Nino Di Matteo a “Non è l’arena”, su La7, ha ricostruito una vicenda quale quella della nomina del capo del Dap che getta tanta luce e ancora più ombre su una pagina recente della storia della Repubblica. Il magistrato ha voluto intervenire in diretta da Massimo Giletti, dove si parlava di carceri e di gestione dell’emergenza durante il coronavirus, per svelare che “fui chiamato a dirigere il Dap, poi il ministro cambiò idea. I boss non mi volevano”.
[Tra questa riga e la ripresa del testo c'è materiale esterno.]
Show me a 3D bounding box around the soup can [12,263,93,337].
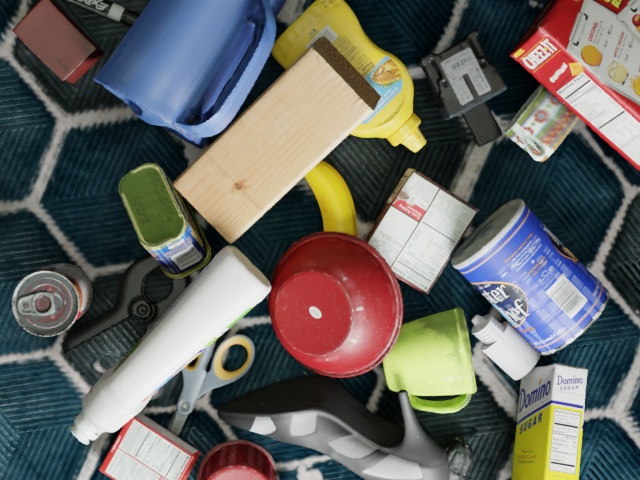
[{"bbox_3d":[-0.281,0.061,1.131,0.068,0.102,0.068,0,94,-3],"label":"soup can"}]

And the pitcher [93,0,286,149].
[{"bbox_3d":[-0.110,-0.222,1.104,0.149,0.145,0.243,32,89,-2],"label":"pitcher"}]

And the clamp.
[{"bbox_3d":[-0.187,0.087,1.169,0.120,0.039,0.171,38,91,-8],"label":"clamp"}]

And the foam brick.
[{"bbox_3d":[-0.279,-0.212,1.138,0.053,0.051,0.078,-44,95,1],"label":"foam brick"}]

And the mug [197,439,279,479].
[{"bbox_3d":[-0.079,0.275,1.166,0.117,0.081,0.093,7,93,-3],"label":"mug"}]

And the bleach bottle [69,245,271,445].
[{"bbox_3d":[-0.162,0.115,1.117,0.251,0.102,0.068,-44,91,1],"label":"bleach bottle"}]

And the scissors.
[{"bbox_3d":[-0.129,0.180,1.189,0.096,0.016,0.202,9,93,1],"label":"scissors"}]

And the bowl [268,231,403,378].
[{"bbox_3d":[0.004,0.073,1.136,0.162,0.055,0.162,4,99,25],"label":"bowl"}]

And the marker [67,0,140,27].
[{"bbox_3d":[-0.243,-0.256,1.152,0.121,0.020,0.020,23,92,-4],"label":"marker"}]

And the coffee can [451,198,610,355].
[{"bbox_3d":[0.227,0.040,1.156,0.103,0.103,0.140,-45,95,1],"label":"coffee can"}]

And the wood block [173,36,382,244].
[{"bbox_3d":[-0.044,-0.105,1.108,0.206,0.090,0.091,-42,97,18],"label":"wood block"}]

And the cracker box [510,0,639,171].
[{"bbox_3d":[0.329,-0.188,1.132,0.213,0.072,0.164,40,61,-4],"label":"cracker box"}]

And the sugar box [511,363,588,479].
[{"bbox_3d":[0.244,0.226,1.150,0.048,0.093,0.176,9,75,-11],"label":"sugar box"}]

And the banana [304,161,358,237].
[{"bbox_3d":[0.009,-0.005,1.177,0.070,0.037,0.198,-8,93,21],"label":"banana"}]

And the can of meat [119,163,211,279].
[{"bbox_3d":[-0.164,-0.021,1.121,0.057,0.084,0.102,-27,66,-1],"label":"can of meat"}]

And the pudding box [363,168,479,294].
[{"bbox_3d":[0.108,-0.010,1.179,0.090,0.039,0.113,32,93,-5],"label":"pudding box"}]

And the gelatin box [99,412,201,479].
[{"bbox_3d":[-0.186,0.243,1.174,0.089,0.030,0.073,30,96,9],"label":"gelatin box"}]

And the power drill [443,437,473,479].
[{"bbox_3d":[0.179,0.337,1.199,0.187,0.057,0.184,27,90,-3],"label":"power drill"}]

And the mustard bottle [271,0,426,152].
[{"bbox_3d":[0.044,-0.169,1.153,0.096,0.058,0.191,-44,95,3],"label":"mustard bottle"}]

Il ministro cui si fa riferimento è il grillino Alfonso Bonafede”
“Avevo deciso di accettare la nomina”, ma poi venne fermato tutto, ha aggiunto Di Matteo. Parole pesantissime le sue e che lasciano poco spazio al fraintendimento perché Nino Di Matteo alla fine non è di certo andato a dirigere il Dap.
“La confessione di Di Matteo è gravissima e significa che questo governo è attento ai bisogni dei mafiosi più che delle vittime della mafia”. A dirlo Anastasio Carrà (commissario della Lega Salvini Premier per la provincia di Catania) che è anche luogotenente dei Carabinieri e proprio per il suo doppio ruolo nelle istituzioni si dice “scioccato da quanto accaduto”.
“Le parole di Di Matteo – sottolinea – non sono un sentito dire, ma la testimonianza di un uomo che si è battuto nella lotta contro la mafia e conosce bene codici e modi di fare della criminalità e questo le rende degne di rispetto. Adesso non va lasciato da solo. Il ministro Bonafede dovrebbe non solo spiegare ma anche dimettersi, perché alla mafia favori non se ne fanno nemmeno per sbaglio. Io sono atterrito dalla pochezza dei nostri rappresentati nelle istituzioni, come cittadino, come sindaco e come carabiniere siciliano sento sulla mia pelle il sangue di coloro che hanno combattuto contro la mafia e queste vicende lasciano molto più che amarezza in bocca, provocano un sincero sdegno”.